Requirement :: Make an exact copy of the records below, leaving every image out.

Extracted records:
********

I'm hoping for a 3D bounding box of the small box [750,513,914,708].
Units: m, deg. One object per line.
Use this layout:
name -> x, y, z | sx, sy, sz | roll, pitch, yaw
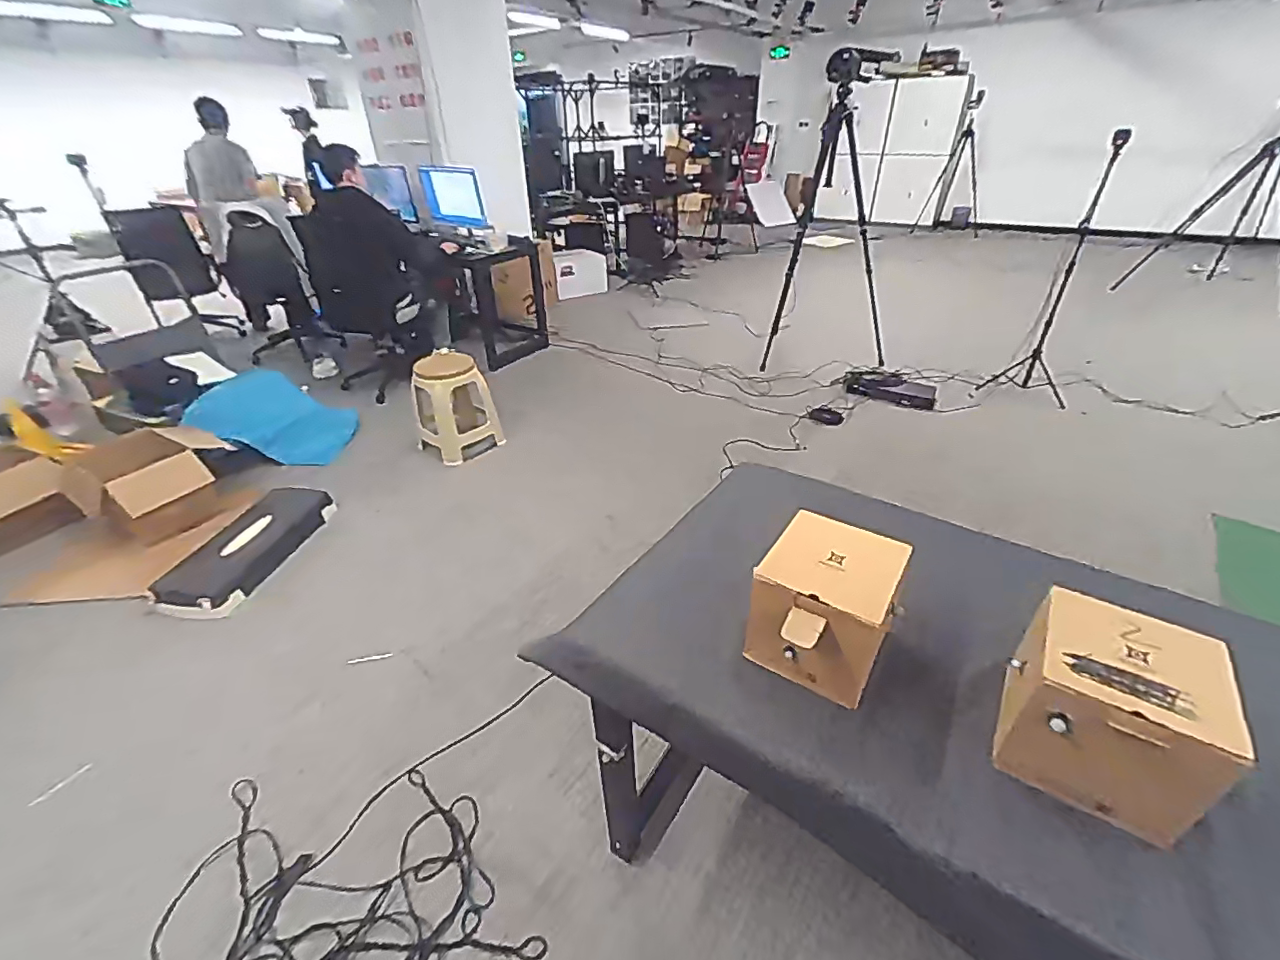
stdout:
small box -> 0.269, 0.182, 0.777 | 0.168, 0.176, 0.179 | 20, 39, 29

********

Expected output ::
I'm hoping for a 3D bounding box of the small box [750,513,914,708].
Units: m, deg. One object per line.
Use this layout:
name -> x, y, z | sx, sy, sz | roll, pitch, yaw
stdout:
small box -> 0.269, 0.182, 0.777 | 0.168, 0.176, 0.179 | 20, 39, 29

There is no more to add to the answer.